Upon our review, we conclude the juvenile court acted properly within its authority under section 232.103(1), and we find KB. to be distinguishable. Here, the State filed its motion noting its concerns and potential "risk issues" due to the parents' move and lack of participation in court-ordered services, of which the parties received notice. The court then set the matter for hearing. This was not a previously scheduled review hearing, as in KB. See KB., 753 N.W.2d at 16. Notice of the newly scheduled hearing was provided to the parties. The mother appeared at the hearing with counsel and did not challenge the short notice or request a continuance or otherwise object to the scope of the hearing. Unlike in KB., the language of the State's motion and certainly the court's order setting the hearing sufficiently alerted the parties that modification of the dispositional order was a possibility. See id. at 17 (finding the mother in KB. was unaware of the State's position that the court was going to consider a change of K.B.'s custody at the hearing). Following the hearing, the court then modified its previous dispositional order, changing the custody of the children.

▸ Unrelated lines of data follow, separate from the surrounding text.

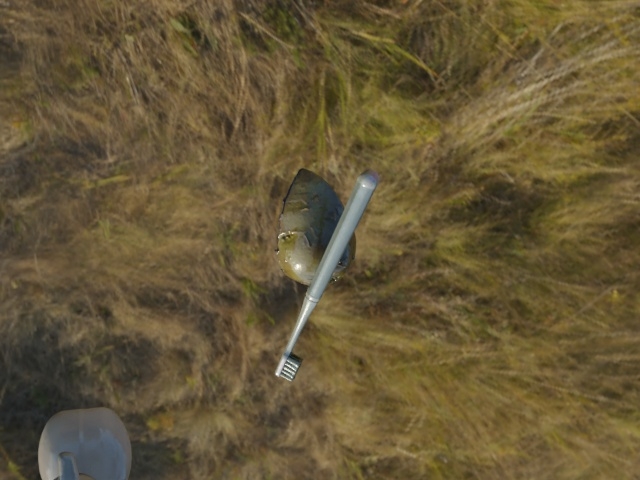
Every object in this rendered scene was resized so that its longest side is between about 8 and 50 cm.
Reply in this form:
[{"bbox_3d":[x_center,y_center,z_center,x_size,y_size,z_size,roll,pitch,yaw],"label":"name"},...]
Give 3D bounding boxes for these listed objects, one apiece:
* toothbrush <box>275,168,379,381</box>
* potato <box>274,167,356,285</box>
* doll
[{"bbox_3d":[0.003,0.055,1.029,0.030,0.025,0.342,27,123,8],"label":"toothbrush"},{"bbox_3d":[0.000,0.000,1.116,0.100,0.089,0.172,-41,135,-31],"label":"potato"},{"bbox_3d":[-0.141,0.178,0.490,0.059,0.160,0.161,-5,152,-10],"label":"doll"}]
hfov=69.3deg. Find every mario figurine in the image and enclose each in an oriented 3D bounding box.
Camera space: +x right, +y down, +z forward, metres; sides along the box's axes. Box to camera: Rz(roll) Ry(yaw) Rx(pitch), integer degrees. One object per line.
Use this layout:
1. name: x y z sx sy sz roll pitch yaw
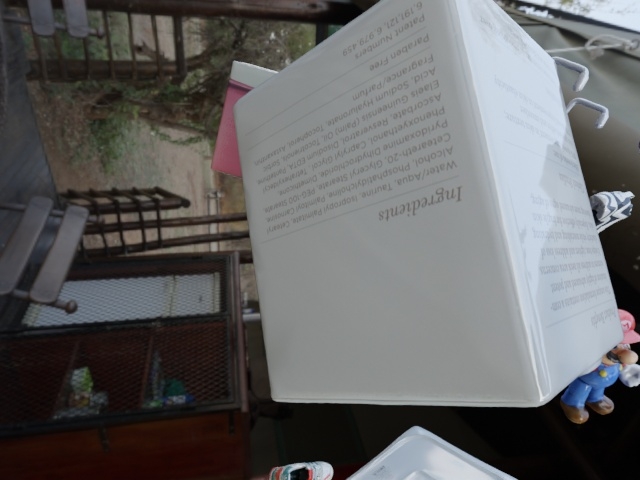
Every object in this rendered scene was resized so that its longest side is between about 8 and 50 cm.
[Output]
1. mario figurine: 0.682 0.309 1.103 0.198 0.170 0.320 -36 132 -46

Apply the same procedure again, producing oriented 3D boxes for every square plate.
1. square plate: 0.187 0.495 0.866 0.344 0.347 0.049 10 -63 54

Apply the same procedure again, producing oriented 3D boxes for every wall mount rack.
1. wall mount rack: 0.458 -0.201 0.990 0.130 0.350 0.304 47 -69 37

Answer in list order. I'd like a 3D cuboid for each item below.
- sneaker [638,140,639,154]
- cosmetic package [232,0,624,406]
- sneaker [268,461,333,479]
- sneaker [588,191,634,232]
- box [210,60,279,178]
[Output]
1. sneaker: 0.625 -0.203 0.824 0.071 0.170 0.068 59 -15 12
2. cosmetic package: 0.131 -0.027 0.592 0.328 0.330 0.393 -17 -102 40
3. sneaker: -0.026 0.501 0.981 0.075 0.161 0.057 -32 -127 45
4. sneaker: 0.870 -0.071 1.423 0.234 0.153 0.094 86 -13 -50
5. box: -0.141 -0.257 1.025 0.148 0.127 0.232 -65 171 -76
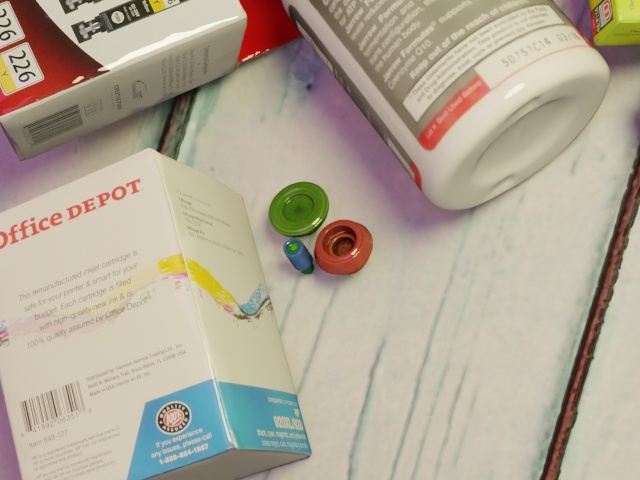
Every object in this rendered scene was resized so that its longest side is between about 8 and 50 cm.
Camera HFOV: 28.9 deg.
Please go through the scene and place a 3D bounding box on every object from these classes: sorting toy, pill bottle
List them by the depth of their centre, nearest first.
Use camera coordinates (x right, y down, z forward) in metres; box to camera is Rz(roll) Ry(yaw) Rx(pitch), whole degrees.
[{"bbox_3d":[0.071,-0.177,0.940,0.161,0.161,0.283,-39,69,10],"label":"pill bottle"},{"bbox_3d":[0.000,0.000,1.004,0.061,0.042,0.102,-43,56,-8],"label":"sorting toy"}]

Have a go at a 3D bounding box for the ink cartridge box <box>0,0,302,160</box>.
[{"bbox_3d":[-0.186,-0.266,0.997,0.272,0.130,0.309,-25,83,-11],"label":"ink cartridge box"}]

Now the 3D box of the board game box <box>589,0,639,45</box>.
[{"bbox_3d":[0.280,-0.189,0.880,0.181,0.043,0.092,-2,78,-13],"label":"board game box"}]

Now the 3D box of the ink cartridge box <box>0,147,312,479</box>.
[{"bbox_3d":[-0.137,0.077,0.965,0.171,0.168,0.232,-20,74,15],"label":"ink cartridge box"}]
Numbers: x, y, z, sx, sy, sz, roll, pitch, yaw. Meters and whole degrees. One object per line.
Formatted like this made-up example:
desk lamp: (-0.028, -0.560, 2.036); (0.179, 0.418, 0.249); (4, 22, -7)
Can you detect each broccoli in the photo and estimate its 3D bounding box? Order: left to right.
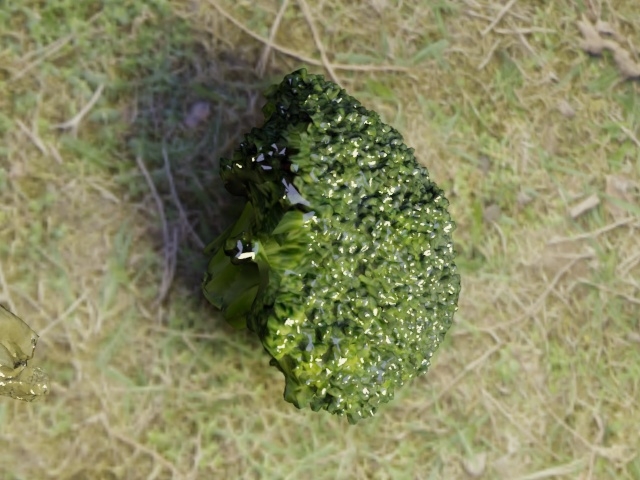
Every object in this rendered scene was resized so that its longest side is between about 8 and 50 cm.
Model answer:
broccoli: (0.002, -0.003, 0.815); (0.226, 0.198, 0.176); (41, 96, 24)

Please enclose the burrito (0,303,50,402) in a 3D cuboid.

We conclude the juvenile court acted properly within its authority and find the mother's claim to be without merit.
B. Modification of the Dispositional Order.
The mother also contends the juvenile court erred in modifying the prior order, arguing the court had insufficient grounds to remove the children from the mother's custody. The mother again cites Iowa Code section 232.102, asserting that section required the court to find, by clear and convincing evidence, that the children could not be protected from either physical abuse without transfer of custody or some harm that would justify the adjudication of the children as CINA. See id. §§ 232.102(1)-(2). However, we have concluded the juvenile court's order was a modification of a previous dispositional order pursuant to section 232.103(1). A party seeking a modification of the custody provisions of a prior dispositional order must show the circumstances have so materially and substantially changed that the best interests of the child requires such a change in custody. See In re D.G., 704 N.W.2d 454, 458 (Iowa Ct. App. 2005).
Upon our de novo review of the record, we conclude a substantial and material change of circumstances occurred here to warrant modification of custody in the children's best interests. The juvenile court set forth explicit directions, based upon recommendations of the Department and service providers, that the parents participate in services it deemed necessary for total reunification with the children and in the best interests of the children. When the court placed the children back in the parents' custody, the parents were participating in services. At the time of the July modification hearing, they were not. Given the parents' past substance abuse issues and L.W.'s psychological needs, among other things, we find the parents' recent lack of participation in court-ordered services justify a modification of the dispositional order. Accordingly, we affirm the order of the juvenile court.
IV. Conclusion.
We conclude the juvenile court acted properly within its authority under section 232.103(1) in modifying the previous dispositional order. Additionally, we find the parents' recent lack of participation in court-ordered services constituted a substantial and material change of circumstances warranting modification of custody in the children's best interests. Accordingly, we affirm the court's order modifying the previous dispositional order.